Trialogue—each of the three participants has to speak in turn. Each can take a different position. For instance, A may ask a question, B answer and C comments. The comment must be relevant to what A and B have said and must enhance the meaning. Then the cycle continues. Other roles are possible: for instance, A may speak from intellect, B from feeling and C from sensation. | |
Tetralogue—with four participants the possibilities become even richer. “Out of several possibilities, the following structure for the roles of A, B, C and D seems to work best. A expresses some view on the topic. B then expresses a contrary, alternative, view (cf. dyalogue). In turn, C expresses an enhanced, supportive version of B’s view. D then expresses a contrary view to C; and A must then express a view supportive of D! And so on.” Blake also notes that tetralogue has a number of similarities with Isaac’s version of Kantor's four roles and suggests that it could be used to help people become more sensitive to the flow of positions in an effective dialogue. |
(See more at http://www.duversity.org/ideas)

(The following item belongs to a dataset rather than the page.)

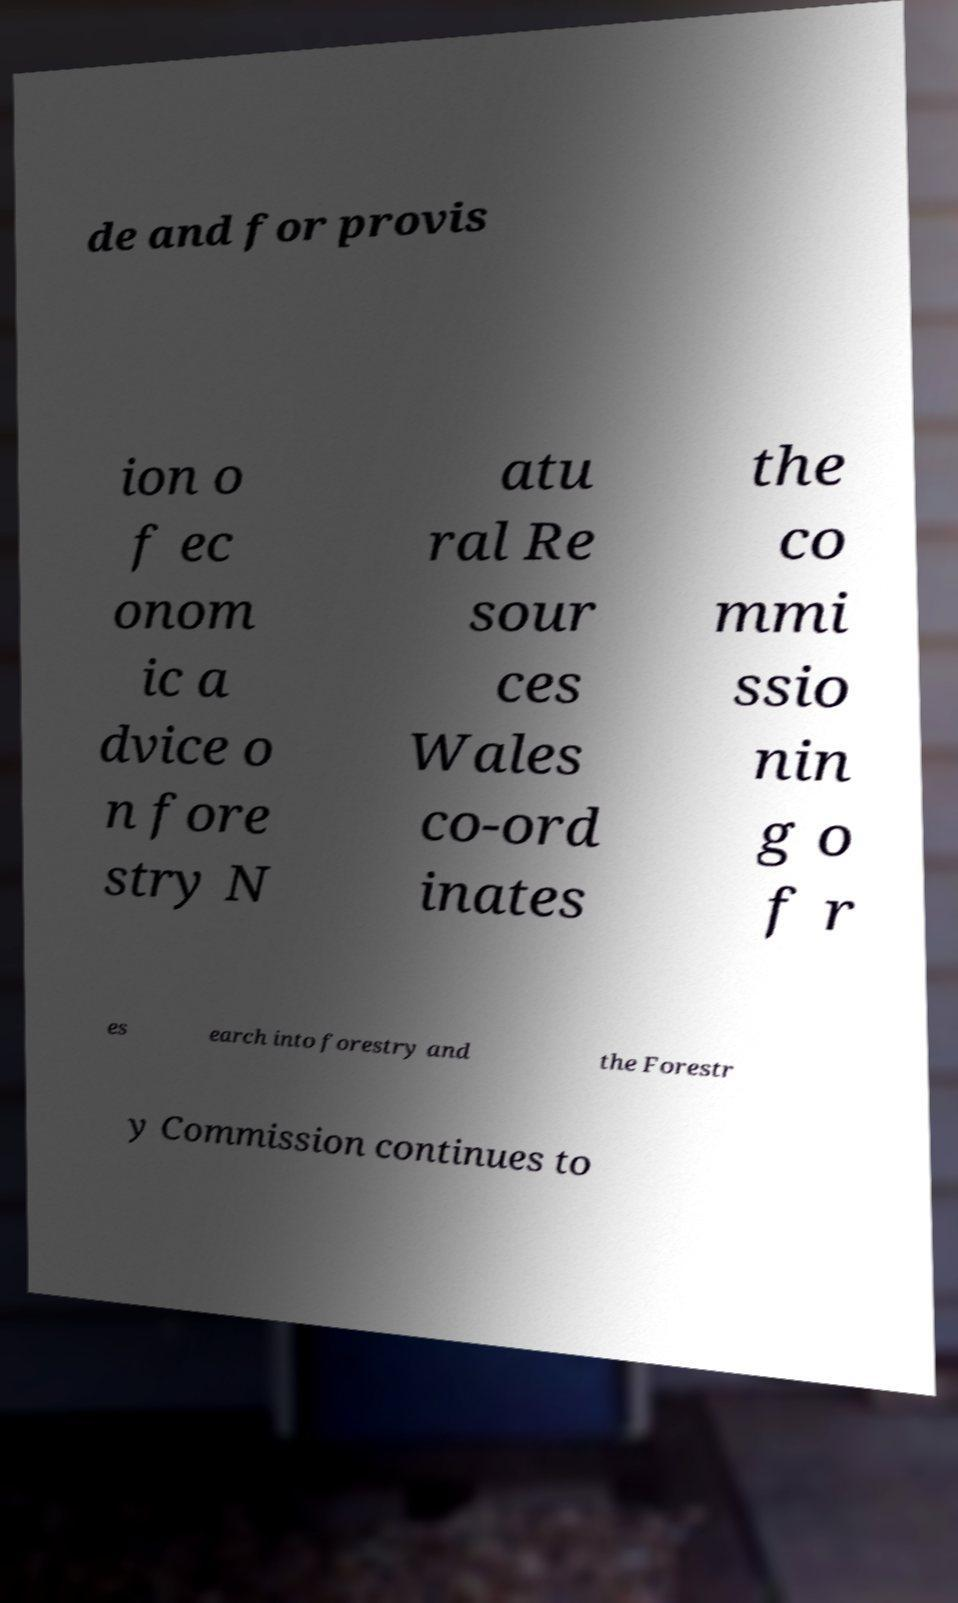Could you extract and type out the text from this image? de and for provis ion o f ec onom ic a dvice o n fore stry N atu ral Re sour ces Wales co-ord inates the co mmi ssio nin g o f r es earch into forestry and the Forestr y Commission continues to 
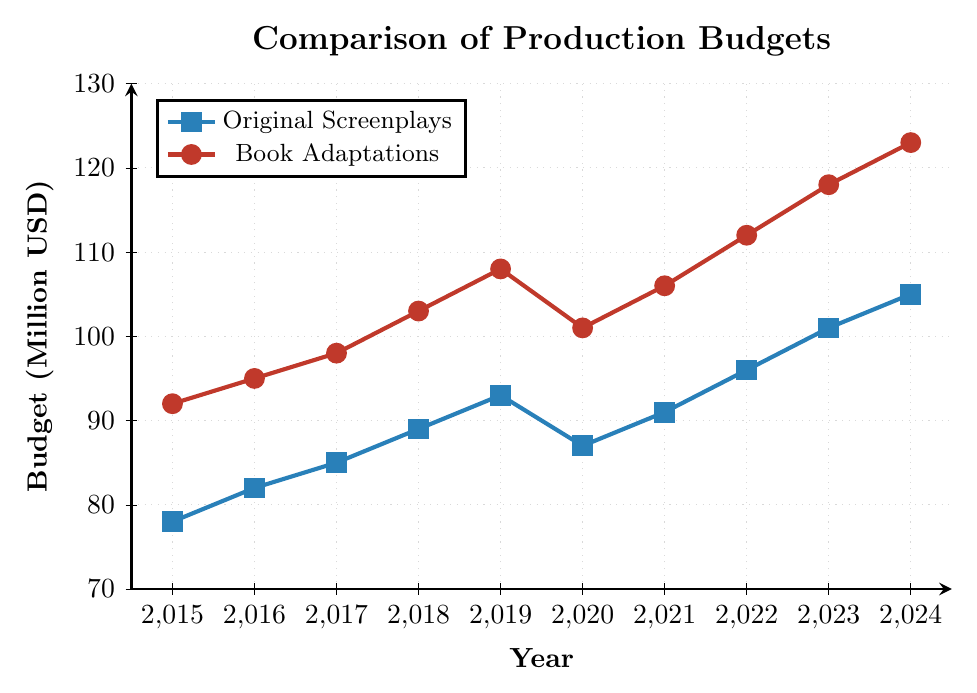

The Milan Group of systematic family therapists was greatly influenced by the work of Gregory Bateson who came to believe that families are systems of individuals who are themselves systems. Mind, body, action and the bodies acted upon are all part of a circuit of mental activity. The mind/body dichotomy is thereby dissolved. What in linear dualistic thinking might be called a disease of the mind became for Bateson a result of patterns of interaction in the client’s system, probably the family system. The Milan therapists developed a range of interventions designed to help family members become aware of some of the patterns of interaction which they habitually repeated.
Some consultants have used some of these interventions in their work in organisations. One of the most widely-used is ‘circular questioning.’ Essentially, it consists of avoiding the direct question and instead asking a less direct question, often of someone else—“Peter, what is your sense of the way John is feeling about Jane’s point of view?”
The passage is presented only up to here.